I was very much aware that recognizing the need for a change in the established system may have met with some degree of conflict. However as argued by Huczynski and Buchanan (1999) conflict is a state of mind and it has to be perceived by the two or more parties. Furthermore, Huczynski and Buchanan (1999) argue that if two or more parties are not involved then no conflict exists. None-the-less this perceived conflict can result in feelings of frustration as identified by Kinney & Hurst (1989), Hurst & Kinney (1989) and Huczyski & Buchanan (1999). Subsequently, and arguably this then acts as a blockade for teams to achieve their ultimate goal. However my perceptions of conflict were indeed unfounded, as the working relationship within my team is such that the problem was recognized and understood.
I approached my GP colleagues and engaged in open discussion with them, highlighting the benefits that would be ascertained by allowing me to access the ERC, when and if, I needed to admit a patient to hospital, without their sanction. My suggestion was met more with intrigue than opposition; some of my GP colleagues had simply not considered the need for me to access this resource. However, as a result of open discussions, fuller consideration was given to the time that would be freed for the GP’s, allowing them a greater degree of flexibility. Ultimately a common understanding of the need for this change was recognized and subsequently made possible. Working in collaboration, enabled the change that was required to facilitate the progression of my role and independence as a practitioner.
Conclusion.
 
Often, we as practitioners can see benefits of how a change in our working environment can improve an established organizational structure.
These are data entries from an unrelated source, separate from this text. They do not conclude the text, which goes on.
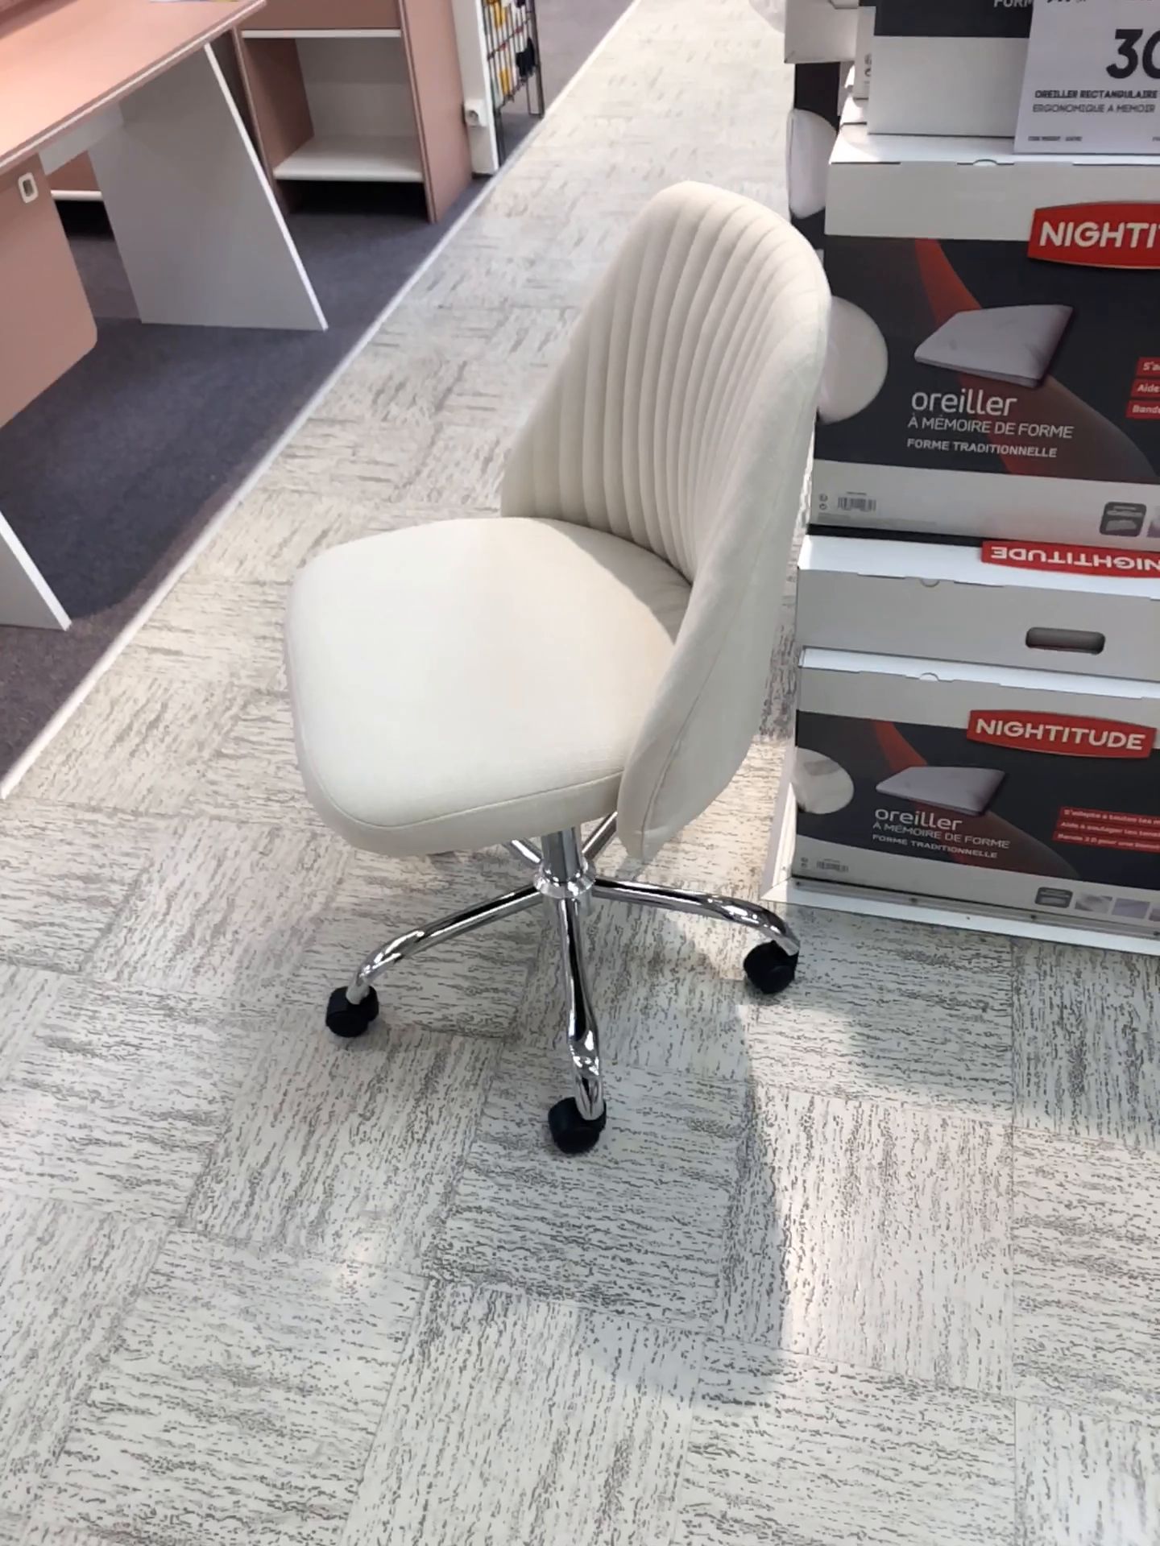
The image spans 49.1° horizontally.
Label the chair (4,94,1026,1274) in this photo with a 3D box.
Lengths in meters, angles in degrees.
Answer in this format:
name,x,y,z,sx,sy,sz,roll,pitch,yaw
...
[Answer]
name,x,y,z,sx,sy,sz,roll,pitch,yaw
chair,-0.096,-0.110,1.274,0.631,0.786,0.703,-17,44,-12
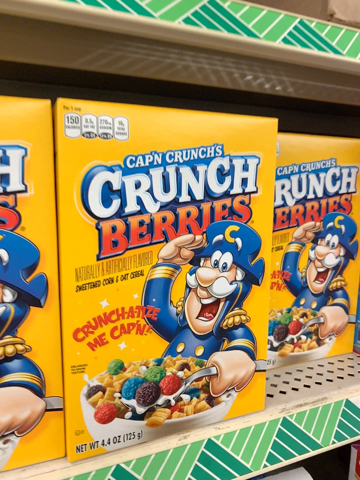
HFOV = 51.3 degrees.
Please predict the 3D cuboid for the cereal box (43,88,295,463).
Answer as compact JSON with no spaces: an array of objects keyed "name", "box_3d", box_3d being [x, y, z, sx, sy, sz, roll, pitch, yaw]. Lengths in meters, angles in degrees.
[{"name":"cereal box","box_3d":[-0.005,0.017,0.248,0.150,0.200,0.050,-3,8,-23]}]
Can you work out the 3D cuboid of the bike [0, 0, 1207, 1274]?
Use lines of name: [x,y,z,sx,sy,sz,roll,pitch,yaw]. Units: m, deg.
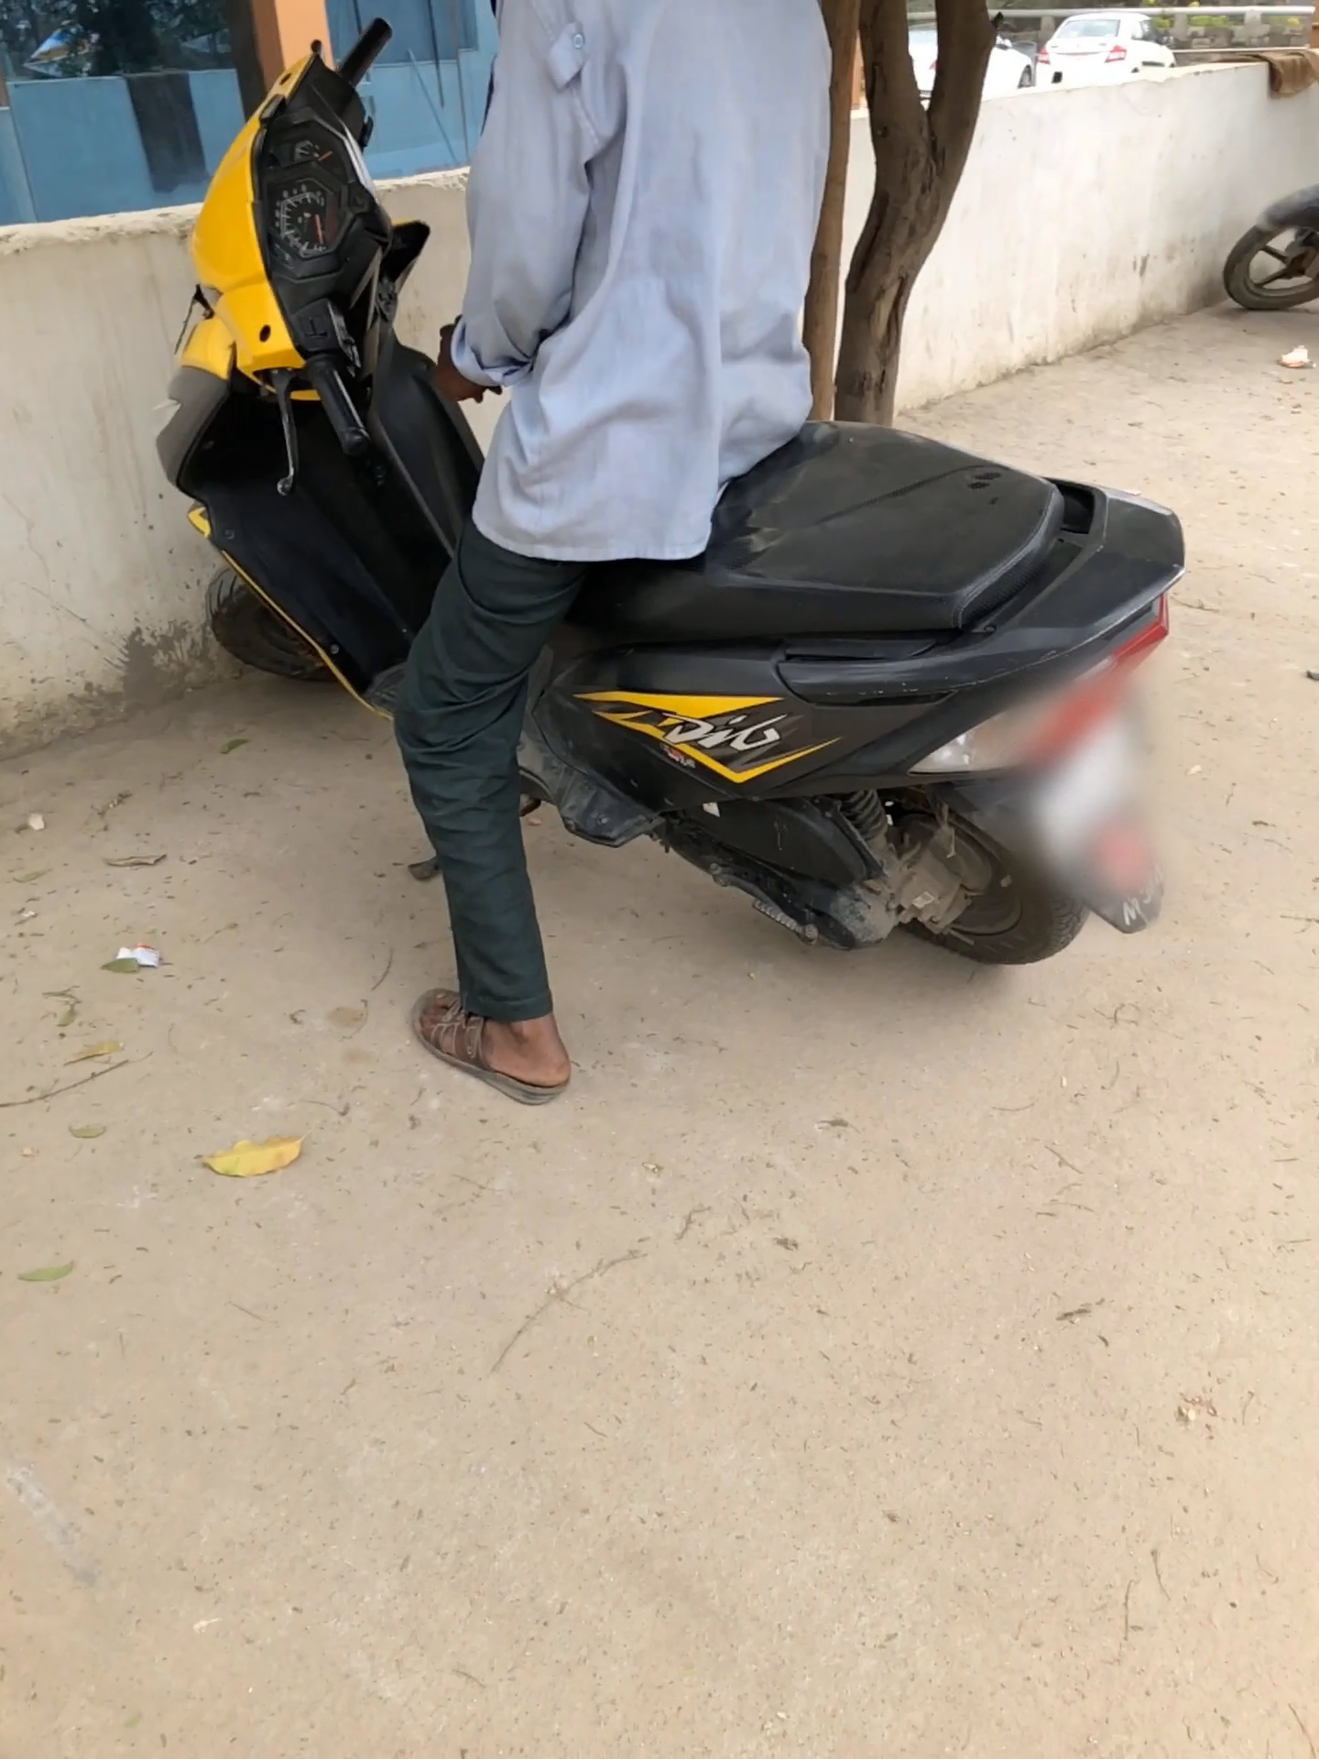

We may also feel disempowered to be able to construct a change within that establishment. However with the correct approach and engaging in collaborative negotiation a positive resolution can often be achieved. It undoubtedly did in my circumstance and what was once considered non essential is now part of the working life in the practice in which I am currently employed.
References
 
Convey. R, C. (1999) Principle-Centred Leadership, Simon & Schuster: London
Emergency Response Centre (2010) http:// www.shiftingthebalance.scot.nhs.uk [available] online [accessed] 29/3/2011
Huczynski, A., Buchanan, D. ( 1991) Organizational Behaviour: An Introductory Text. 2nd edn., Prentice Hall : Hertfordshire.
Hurst, J., Kinney, M. (1989) Empowering self and others. University of Toledo: Toledo, OH
Kinney, M., Hurst, J. (1989) Group Process in Education. Ginn custom Publisher: Lexington, MA
Lawrie, A.(2008) New horizons: A plan for modernizing primary care services 2008-2012. http:// www.nhslanarkshire.org.uk [online] available [accessed] March 2011
Marquis, B.L., Huston, C.J. (2000) Leadership Roles and Management Functions in Nursing. 3rd edn., Lippincott Williams & Williams: Philadelphia
The Scottish Government (2008) The Advanced Practice Toolkithttp://www.advancepracticetoolkit.scot.nhs.uk [online] available [accessed] 24/11/2010
The Scottish Government (2010) Advanced Nursing Practice Roles: Guidance for NHS Boards, Scottish Government: Edinburgh.
Smith J., Headley, E. (2010) “ACAP Scotland: An opportunity for acute care advanced practitioners to have a voice”, Skills for Nurses, Vol.22, pp. 12-16
Swansburg, R. C., Swansburg, R, J.( 2002) Introduction to Management and Leadership for Nurse Managers 3rd edn; Jones and Bartlett Publishers: London
Wedderburn Tate, C. (2001) Leadership in Nursing. Churchill Livingston: London
Yoder-Wise, P. S. (2007) Leading and Management in Nursing 4th edn; Mosby Elsevier: St.Louise.